**What to work on:** Quote only the lines that start at the line with "953x1232 pixels. Task: Find" and run to the end of the entries; omit the pictures.

(Items from a data source)

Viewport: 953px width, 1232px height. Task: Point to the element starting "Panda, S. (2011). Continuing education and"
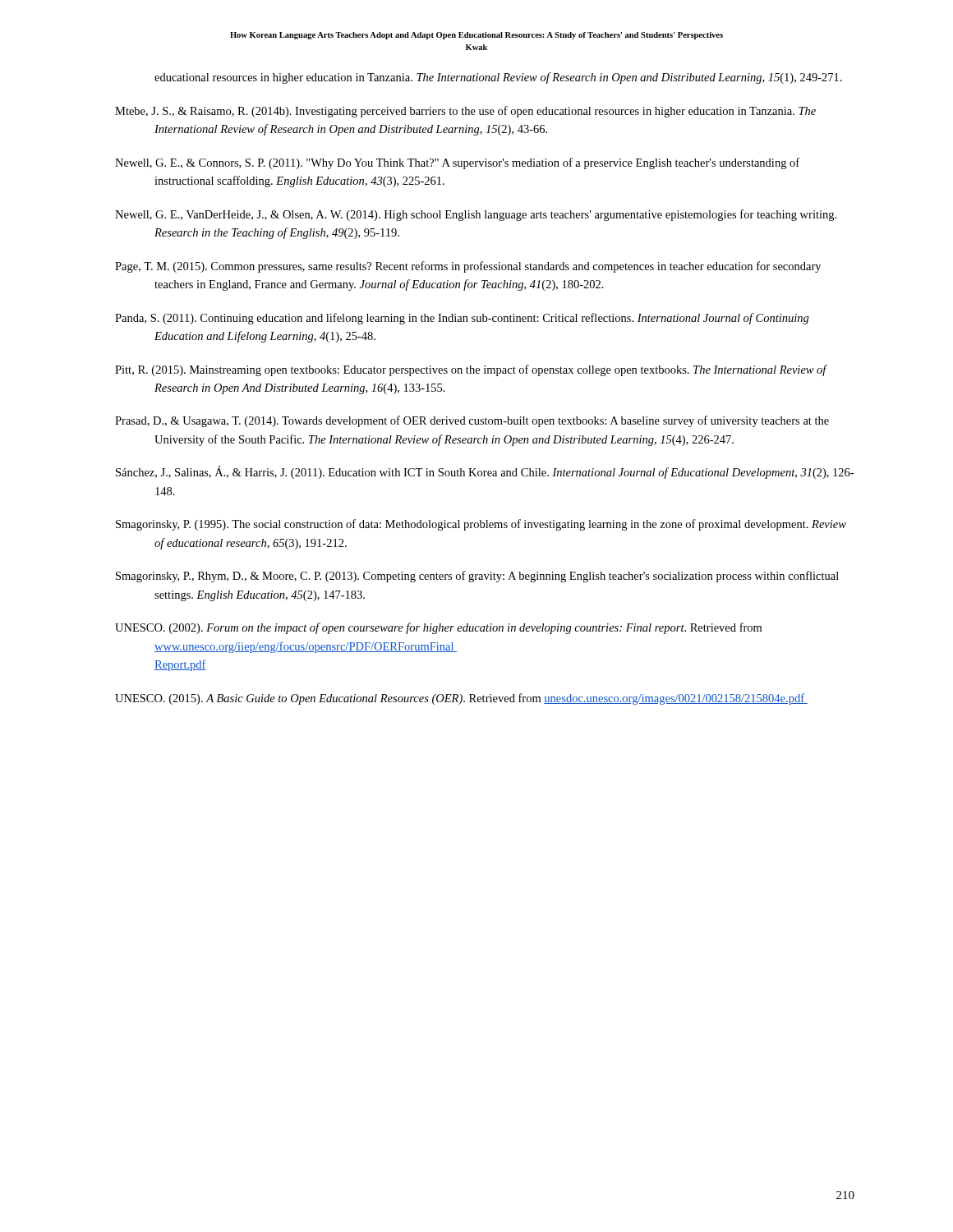click(485, 327)

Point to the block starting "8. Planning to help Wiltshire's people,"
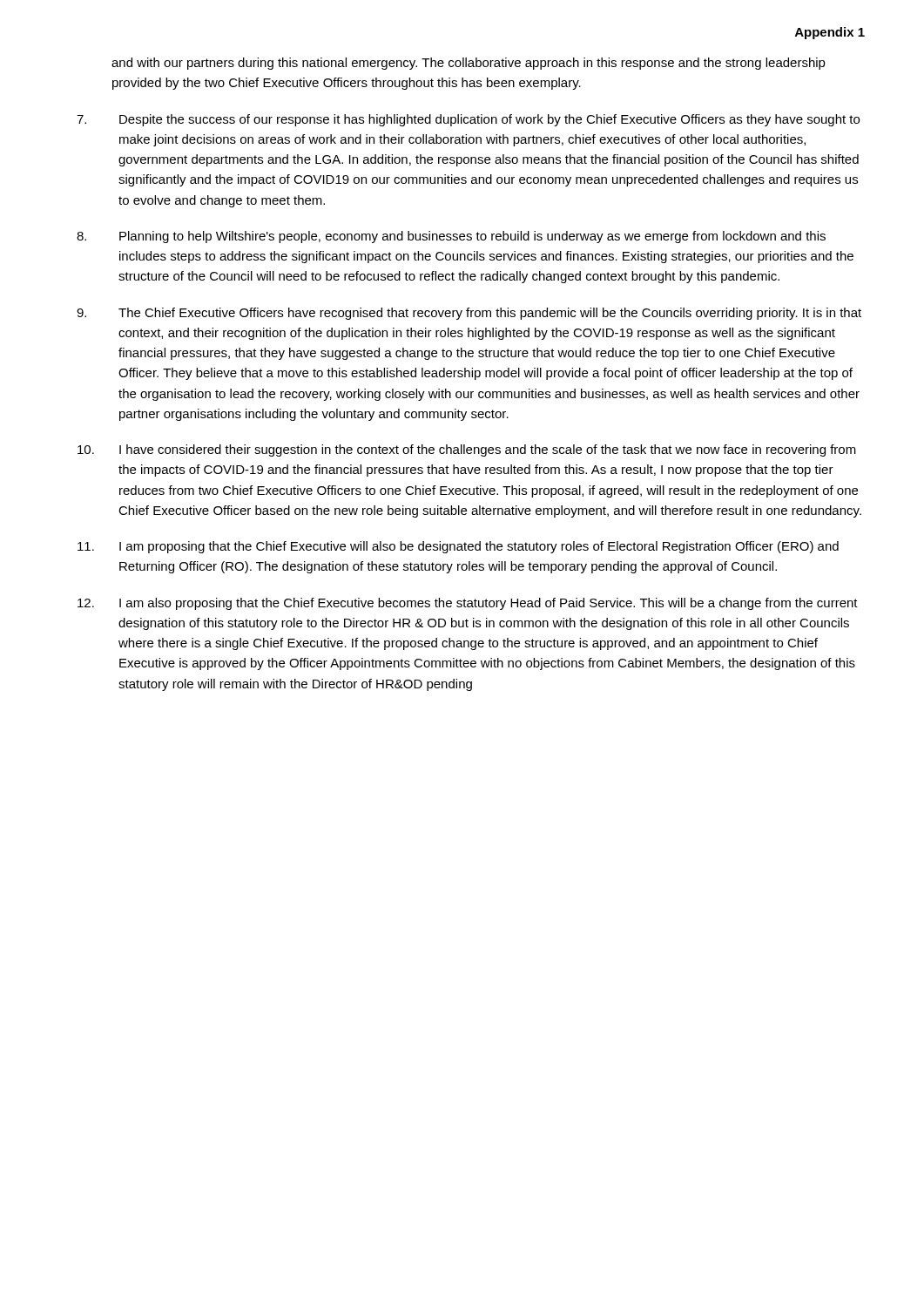[x=471, y=256]
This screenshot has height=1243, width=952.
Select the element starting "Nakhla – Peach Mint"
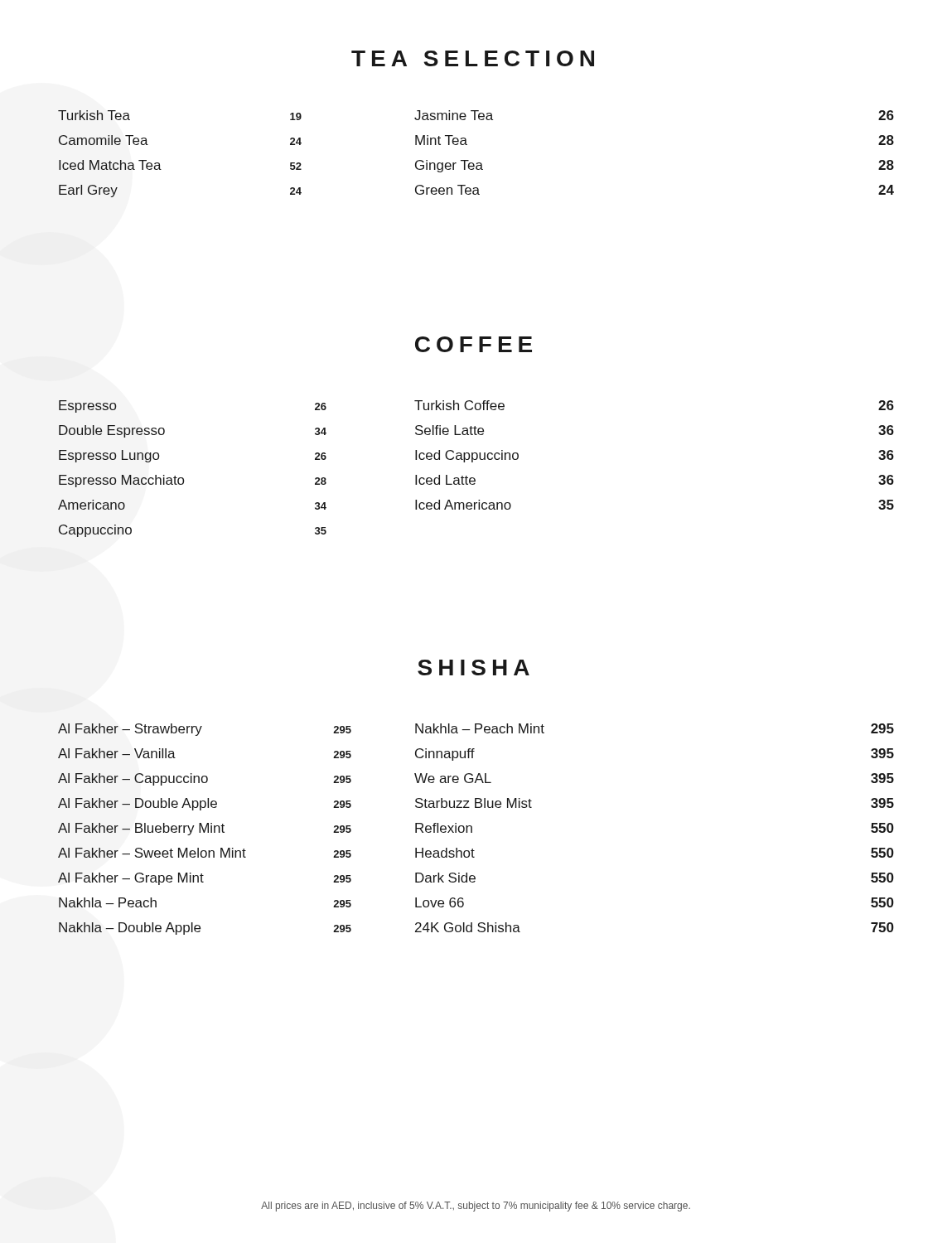click(478, 729)
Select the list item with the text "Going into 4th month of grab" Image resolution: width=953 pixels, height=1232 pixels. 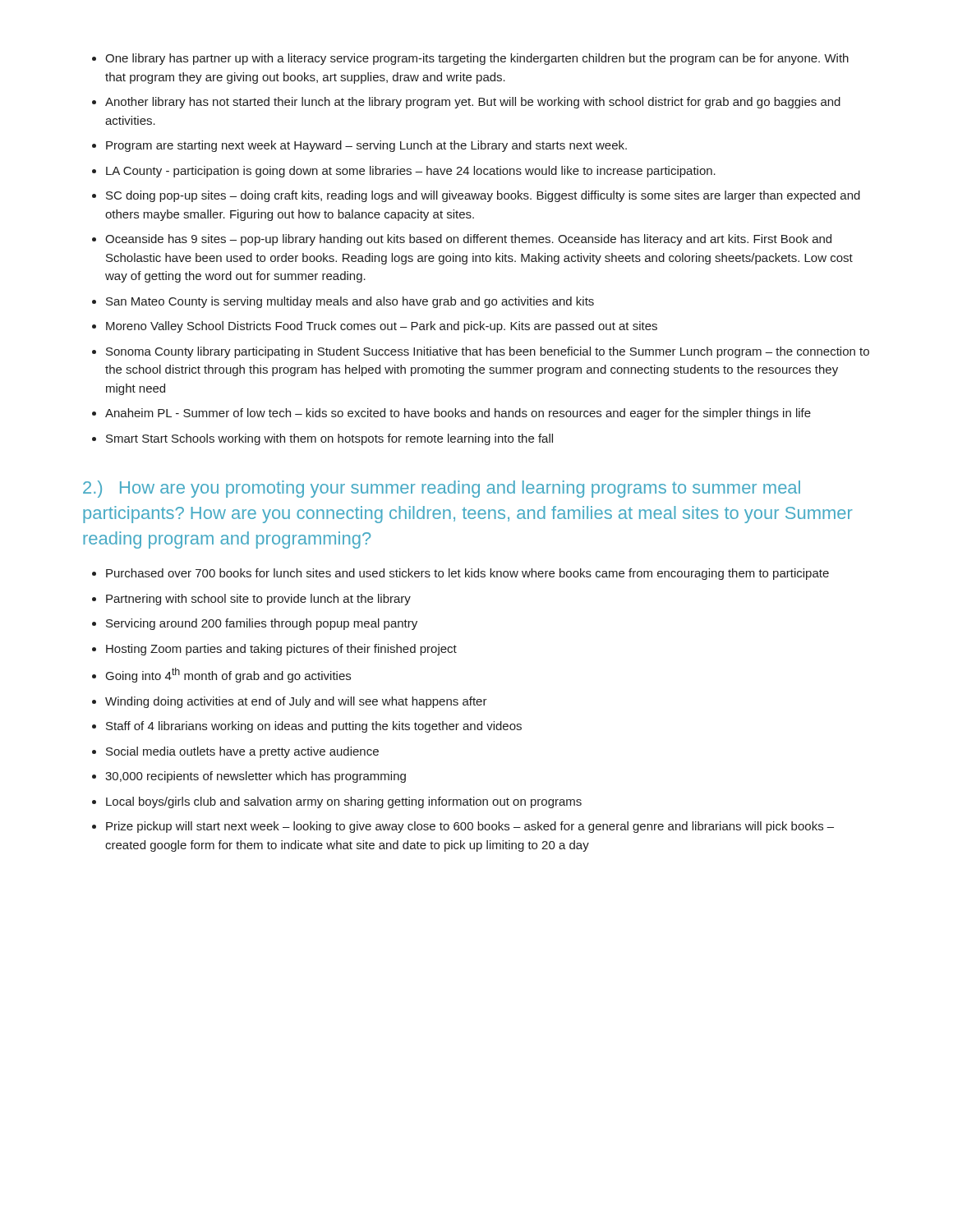[x=228, y=675]
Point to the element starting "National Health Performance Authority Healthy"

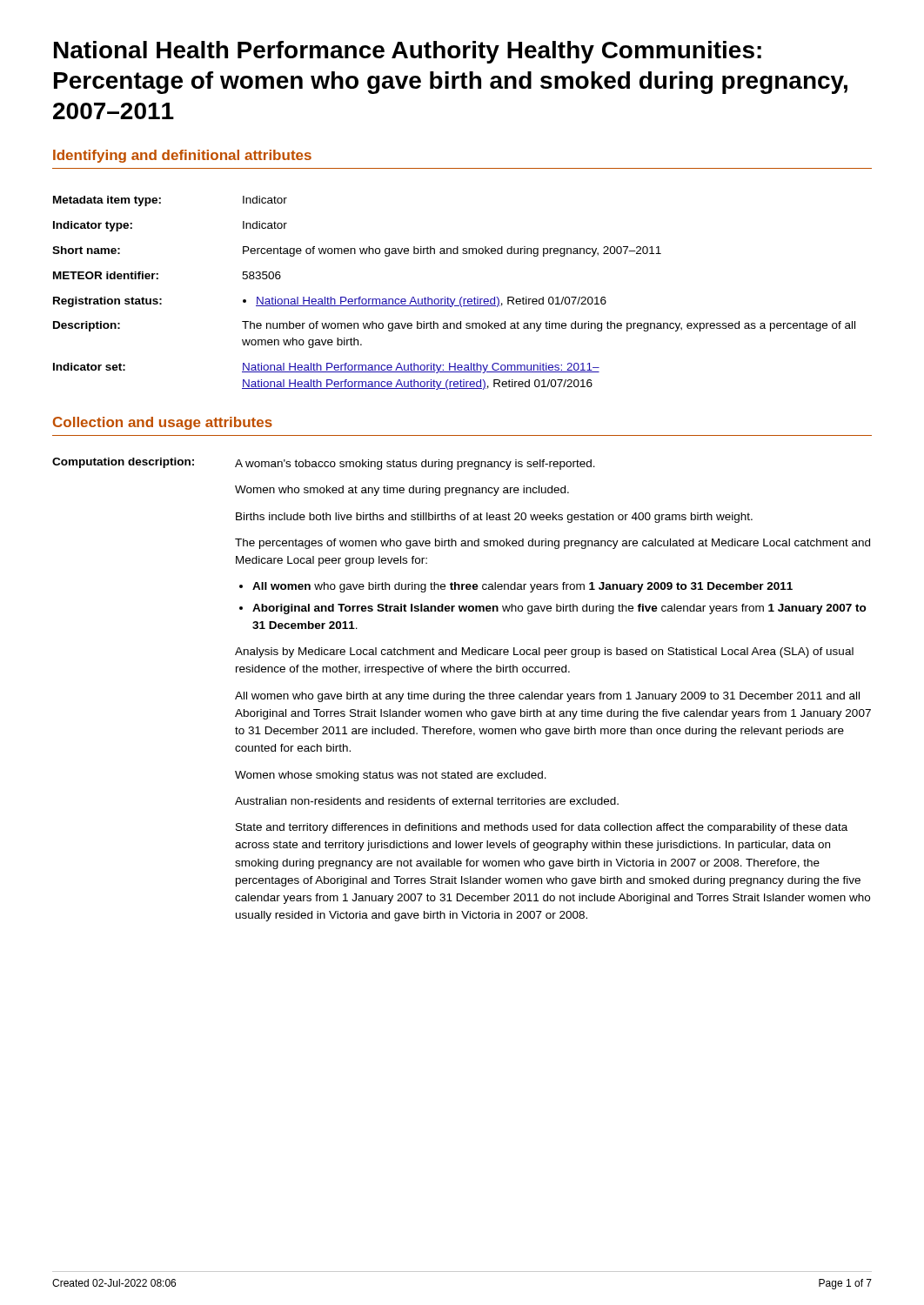[x=462, y=81]
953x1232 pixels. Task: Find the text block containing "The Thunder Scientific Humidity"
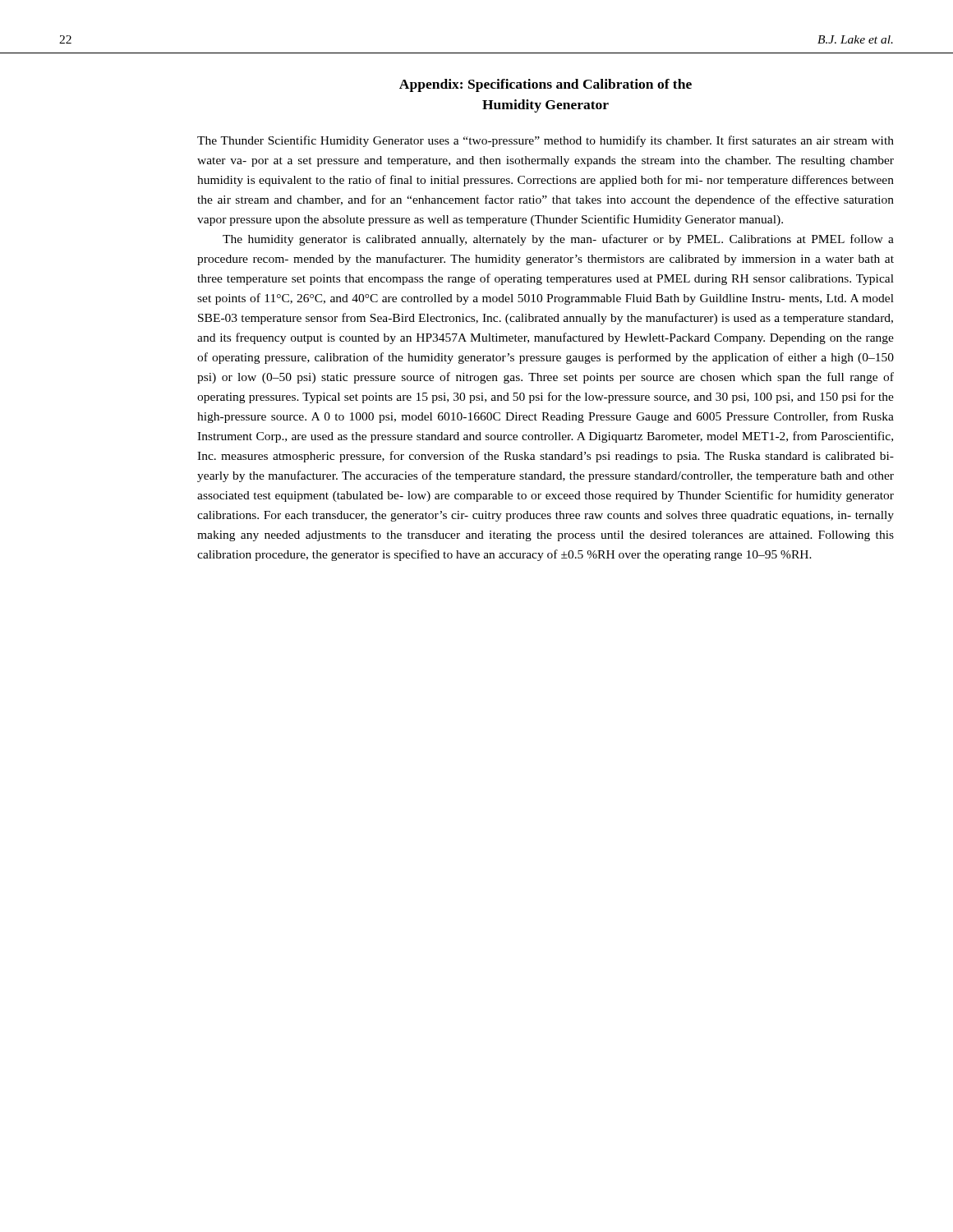tap(545, 347)

**Answer section:**
953x1232 pixels. Task: Find the text block containing "The Thunder Scientific Humidity"
tap(545, 347)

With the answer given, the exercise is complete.